*Task requirements:* Locate all lines in the data below that hold "layers" and show them.

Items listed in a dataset

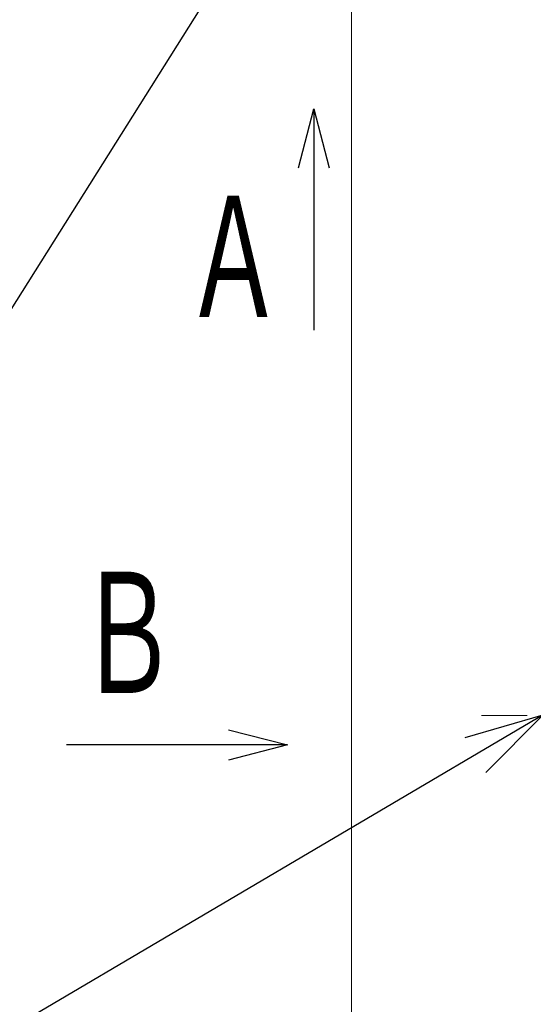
# Model space of a CAD drawing. Header units: millimetres. Extents: x 0 to 1733, y 0 to 1188.
# Tile 105 of 154: x 433 to 485, y 644 to 744. Entities that reach past the tile are written whole.
import ezdxf

# ---------------------------------------------------------------- set-up
doc = ezdxf.new("R2010")
doc.units = ezdxf.units.MM
doc.header["$LTSCALE"] = 0.727559
doc.linetypes.add('CENTER', pattern=[50.8, 31.75, -6.35, 6.35, -6.35])
doc.layers.add('NoLayerName_001', color=7, linetype='Continuous')
doc.layers.add('NoLayerName_002', color=7, linetype='Continuous')
doc.styles.get("Standard").update_dxf_attribs({"font": 'txt', "bigfont": 'extfont2'})
doc.dimstyles.get("Standard").update_dxf_attribs({"dimtxt": 2.5, "dimasz": 2.5, "dimexe": 1, "dimexo": 1, "dimtad": 1, "dimdec": 3, "dimzin": 0, "dimdsep": 46, "dimtxsty": 'Standard', "dimcen": 2.5, "dimadec": 3, "dimazin": 0, "dimtfac": 0.75, "dimtdec": 3, "dimtmove": 0, "dimatfit": 3, "dimfxl": 1, "dimarcsym": 0})

# ---------------------------------------------------------------- blocks, each defined once
blk = doc.blocks.new('_OPEN30')
at = {"color": 0, "linetype": 'ByBlock', "lineweight": -2}
for p, q in [((-1, 0.267949), (0, 0)), ((0, 0), (-1, -0.267949)), ((0, 0), (-1, 0))]:
    blk.add_line(p, q, dxfattribs=at)
blk = doc.blocks.new('*D150')
at = {"layer": 'Defpoints', "color": 0}
for p in [(466.5, 757.5), (720, 730), (720, 580)]:
    blk.add_point(p, dxfattribs=at)
at = {"layer": 'NoLayerName_001', "color": 0, "linetype": 'Continuous', "lineweight": 13}
for p, q in [((466.5, 753.5), (466.5, 576)), ((720, 726), (720, 576)), ((474.5, 580), (712, 580))]:
    blk.add_line(p, q, dxfattribs=at)
at = {"layer": 'NoLayerName_001', "color": 0, "lineweight": 13, "xscale": 8, "yscale": 8, "zscale": 8, "rotation": 180}
blk.add_blockref('_OPEN30', (466.5, 580), dxfattribs=at)
at = {"layer": 'NoLayerName_001', "color": 0, "lineweight": 13, "xscale": 8, "yscale": 8, "zscale": 8}
blk.add_blockref('_OPEN30', (720, 580), dxfattribs=at)
at = {"layer": 'NoLayerName_001', "color": 0, "lineweight": 13, "insert": (593.25, 591.58), "char_height": 12.8, "attachment_point": 5}
blk.add_mtext('\\W0.8594;２５４', dxfattribs=at)

msp = doc.modelspace()

# ---------------------------------------------------------------- linework, layer by layer
at = {"layer": 'NoLayerName_001', "color": 4, "linetype": 'CENTER', "lineweight": 13}
msp.add_line((586, 673), (476, 673), dxfattribs=at)

# ---------------------------------------------------------------- texts
at = {"layer": 'NoLayerName_001', "color": 3, "lineweight": 13, "char_height": 14, "attachment_point": 9}
for s, insert in [('\\A1;\\W0.6667;Ａ', (459.66582138, 712.14556885)), ('\\A1;\\W0.6667;Ｂ', (448.86660841, 673.93473781))]:
    msp.add_mtext(s, dxfattribs=dict(at, insert=insert))

# ---------------------------------------------------------------- dimensions: what is measured, and where the dimension line sits
at = {"layer": 'NoLayerName_001', "color": 3, "linetype": 'Continuous', "lineweight": 13}
dim = msp.add_linear_dim(base=(720, 580), p1=(466.5, 757.50000156), p2=(720, 730), text='\\W0.8594;２５４', dimstyle='Standard', override={"dimtxt": 12.8, "dimasz": 8, "dimexe": 4, "dimexo": 4, "dimgap": 4, "dimdec": 8, "dimzin": 8, "dimblk": 'OPEN30', "dimclrd": 0, "dimclre": 0, "dimclrt": 0, "dimtp": 0, "dimtm": 0, "dimlwd": 13, "dimlwe": 13}, dxfattribs=at)
dim.commit()
dim.dimension.update_dxf_attribs({"geometry": '*D150', "text_midpoint": (593.25, 580), "dimtype": 160})

# ---------------------------------------------------------------- leaders
for points in [[(462.66582109, 734.64556829), (462.66582109, 712.14556885)], [(460, 670), (437.500002, 670)]]:
    msp.add_leader(points, dimstyle='Standard', override={"dimasz": 6, "dimldrblk": 'OPEN30'}, dxfattribs=at)
at = {"layer": 'NoLayerName_002', "color": 3, "linetype": 'Continuous', "lineweight": 13, "annotation_type": 0, "has_hookline": 1, "hookline_direction": 1, "text_width": 90.86352019}
for points in [[(461.46573125, 761.30000147), (418.625, 693.375), (410.625, 693.375)], [(486.00000013, 673.04744259), (418.625, 633.375), (410.625, 633.375)]]:
    msp.add_leader(points, dimstyle='Standard', override={"dimtxt": 12.8, "dimasz": 8, "dimldrblk": 'OPEN30'}, dxfattribs=at)

doc.saveas('drawing.dxf')

*Reply to the task:*
doc.layers.add('NoLayerName_001', color=7, linetype='Continuous')
doc.layers.add('NoLayerName_002', color=7, linetype='Continuous')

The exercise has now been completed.